Using a function defined in a Python context manager, I want to modify a Polars dataframe by reassignment. I then went the function in the context manager to print the previous and new row counts.
I tried the following:
import polars as pl
def count_rows(df: pl.DataFrame) -> int:
""" Counts the number of rows in a polars dataframe. """
return df.select(pl.count()).item()
# define the function I want to work
@contextmanager
def log_row_count_change(df: pl.DataFrame, action_desc: str = '', df_name: str = 'df') -> None:
""" An easy way to log how many rows were added or removed from a dataframe during filters, joins, etc. """
try:
row_count_before = count_rows(df)
logger.debug(f"Before '{action_desc}' action on '{df_name}', row count: {row_count_before:,}")
yield
finally:
row_count_after = count_rows(df)
row_count_change = row_count_after - row_count_before
row_count_change_pct = row_count_change / row_count_before * 100
print(f"During '{action_desc}' action on '{df_name}', row count changed by {row_count_change:,} rows ({row_count_before:,} -> {row_count_after:,}) ({row_count_change_pct:.2f}%).")
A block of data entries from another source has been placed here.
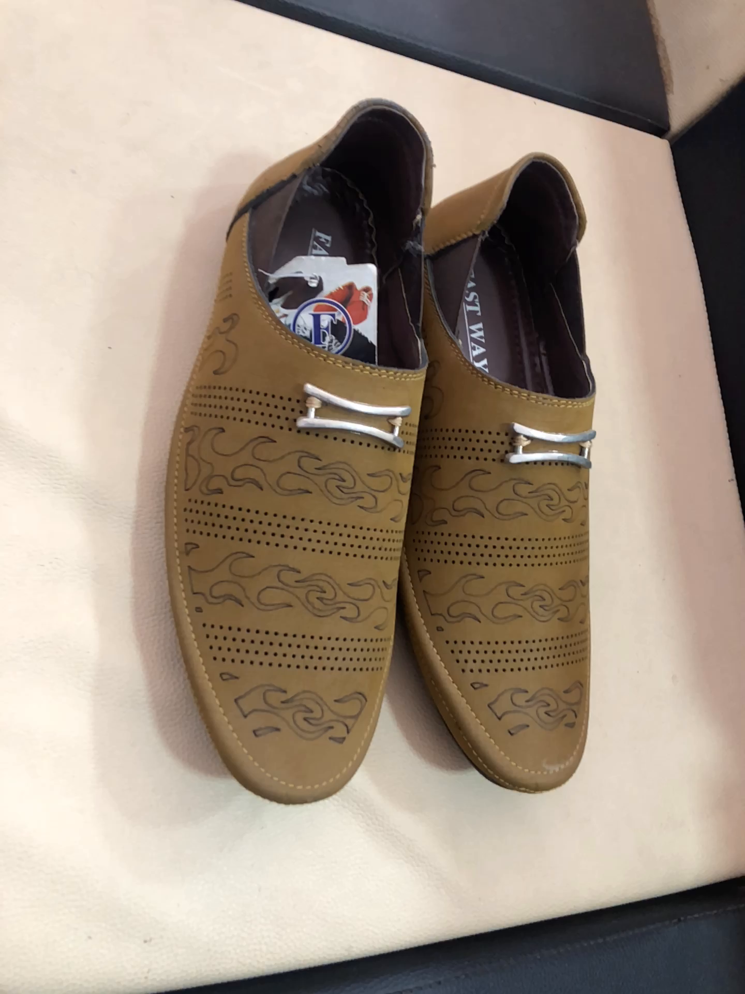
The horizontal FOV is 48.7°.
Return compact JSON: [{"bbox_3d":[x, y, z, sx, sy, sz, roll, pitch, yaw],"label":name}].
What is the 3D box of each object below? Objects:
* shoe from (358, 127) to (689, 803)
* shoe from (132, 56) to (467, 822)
[{"bbox_3d":[0.058,-0.011,0.386,0.100,0.100,0.280,6,73,-21],"label":"shoe"},{"bbox_3d":[-0.034,-0.020,0.346,0.100,0.100,0.280,6,73,-21],"label":"shoe"}]
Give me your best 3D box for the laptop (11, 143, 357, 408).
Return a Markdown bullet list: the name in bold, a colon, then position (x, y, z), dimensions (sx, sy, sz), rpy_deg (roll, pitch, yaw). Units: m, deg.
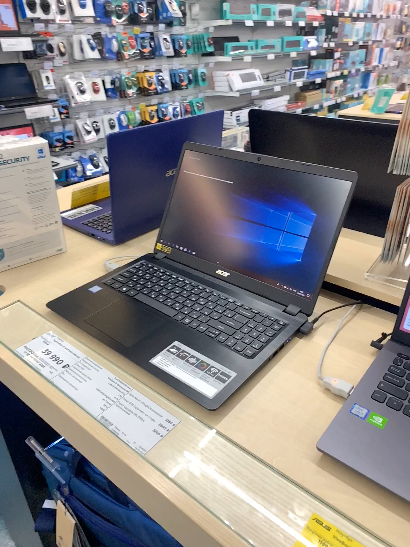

# define a dataframe for testing
df = pl.DataFrame({"a":[1,1,2], "b":[2,2,3], "c":[1,2,3]})
# call the main part
with log_row_count_change(df, 'drop duplicates on column a', 'df'):
df = df.unique(subset=['a'])
When you run the above, it shows the row count equal to 3 both before and after. I want it to show a row count of 3 before and 2 after.